Well, maybe it's due to the homogenous society, with everyone being so alike that every razor-thin difference is worth a whoop and holler.

Or maybe it's the intensity of the education system, in which youth are made to study so hard that their brains start to gobble up numbers the way some people put away peanuts.

Or maybe it's the mad consumer rush, in which every trend has to be bisected and trisected so as to slice off even the tiniest morsels of profit.

Or maybe it's the drive for precision that comes out in paper-folding, flower-arranging, karaoke-warbling and a million and one other Japanese arts.

Or maybe it's pure coincidence. Statistically, I suppose that's possible.

Nah. Japanese love number crunching so much that they have crunched them into their souls. How many times has so-and-so sung on "Kohaku?" How many years since this baseball team last appeared in Koshien? How old is the man being interviewed? The Japanese just have to know these things.

My first job here was as a high-school teacher. Back then, the first full day of school was called "Measurement Day," on which students were cataloged as to weight, height, strength, speed, throwing arm, pencil-twirling, you name it.

Fair enough. Even in my green-to-the-gills youth, I could see that such studies had value and might even give some flunky in the Education Ministry reason to live.

But it didn't stop there. Within a week we had a faculty meeting. All the data had been collated, graphed, and printed on enough paper to wipe out 0.07 forests.

The teachers pored over the information like adolescent boys with dirty pictures. New records were cited, like the average school weight reaching a record high and a girl setting a brand new mark for shoe size. Then the head of the PE Department stood to explain why the average distance in the softball throw was down by 0.3 meters. We discussed and re-discussed this for an hour until at last everyone seemed sated and content.

The only true disappointment? We had to wait a full year until we could do it all again.

Of course, this same thing goes on everywhere — schools, companies, government and the media. Statistics float through the Japanese air like pollen.

"Ichiro has now hit safely for five consecutive games," says the TV anchor, his face twitching in a stat-induced grin.

I laugh and start to say, "Who gives a . . ." when I glance at my lunch partner. He is mesmerized.

"Five consecutive games. Wow. That means . . . if only he can get a hit tomorrow . . . it will be. . ."

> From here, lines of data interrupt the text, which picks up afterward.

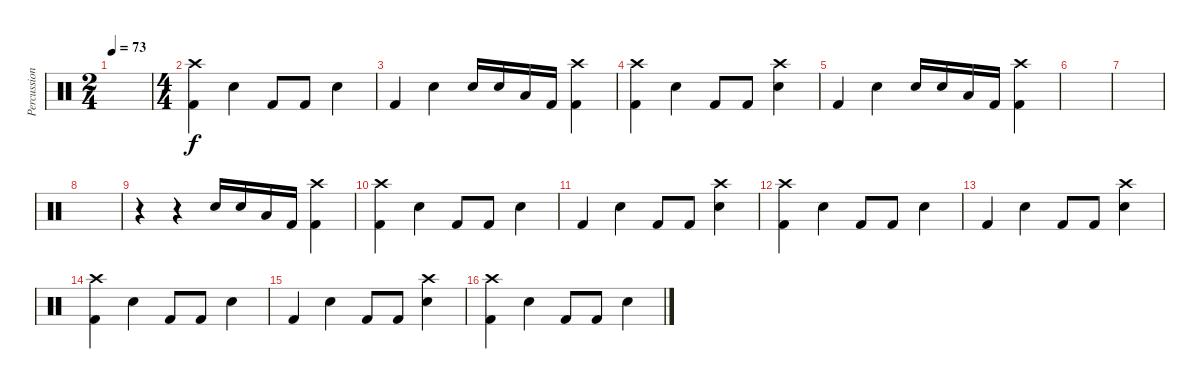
\track ("Percussion" "Percussion") {instrument percussion}
\staff {score}
\articulation defaults
\ts (2 4)
\tempo 73
\clef neutral
\ks c
|
\ts (4 4)
("Kick (hit) 2" "Crash high (hit)").4 "Snare (hit) 2".4 "Kick (hit) 2".8 "Kick (hit) 2".8 "Snare (hit) 2".4 |
"Kick (hit) 2".4 "Snare (hit) 2".4 "Snare (hit) 2".16 "Electric Snare (hit)".16 "Low Floor Tom (hit)".16 "Kick (hit) 2".16 ("Kick (hit) 2" "Crash high (hit)").4 |
("Kick (hit) 2" "Crash high (hit)").4 "Snare (hit) 2".4 "Kick (hit) 2".8 "Kick (hit) 2".8 ("Snare (hit) 2" "Crash high (hit)").4 |
"Kick (hit) 2".4 "Snare (hit) 2".4 "Snare (hit) 2".16 "Electric Snare (hit)".16 "Low Floor Tom (hit)".16 "Kick (hit) 2".16 ("Kick (hit) 2" "Crash high (hit)").4 |
|
|
|
r.4 r.4 "Snare (hit) 2".16 "Electric Snare (hit)".16 "Low Floor Tom (hit)".16 "Kick (hit) 2".16 ("Kick (hit) 2" "Crash high (hit)").4 |
("Kick (hit) 2" "Crash high (hit)").4 "Snare (hit) 2".4 "Kick (hit) 2".8 "Kick (hit) 2".8 "Snare (hit) 2".4 |
"Kick (hit) 2".4 "Snare (hit) 2".4 "Kick (hit) 2".8 "Kick (hit) 2".8 ("Snare (hit) 2" "Crash high (hit)").4 |
("Kick (hit) 2" "Crash high (hit)").4 "Snare (hit) 2".4 "Kick (hit) 2".8 "Kick (hit) 2".8 "Snare (hit) 2".4 |
"Kick (hit) 2".4 "Snare (hit) 2".4 "Kick (hit) 2".8 "Kick (hit) 2".8 ("Snare (hit) 2" "Crash high (hit)").4 |
("Kick (hit) 2" "Crash high (hit)").4 "Snare (hit) 2".4 "Kick (hit) 2".8 "Kick (hit) 2".8 "Snare (hit) 2".4 |
"Kick (hit) 2".4 "Snare (hit) 2".4 "Kick (hit) 2".8 "Kick (hit) 2".8 ("Snare (hit) 2" "Crash high (hit)").4 |
("Kick (hit) 2" "Crash high (hit)").4 "Snare (hit) 2".4 "Kick (hit) 2".8 "Kick (hit) 2".8 "Snare (hit) 2".4

And then there are the ultimate stars of the Japanese number world — weather announcers.

"Today's high was 0.14 degrees below the average for this day and 8.26 degrees below the record. Now, with my magic weather baton and corny cloud graphics, I will attempt to explain why."

The famous quote here is that there are lies, damned lies and statistics. Some claim Mark Twain said this and others say Benjamin Disraeli. (Actually, Twain 60.2 percent, Disraeli 36.4 percent, and 3.4 percent various others).

But in Japan statistics and numbers are never damned. They are exalted.

My wife argues back that it is not just the Japanese that love statistics but everyone, a human lust for trivia that burns indistinct of cultural background. She is adamant about this.

So much that I can only make her smile by telling her she is so cute when she pouts and throws things.

"Hmm. I bet you used to tell that to all the girls," she says.

No, no, I admit. Only 96.6 percent. According to my data.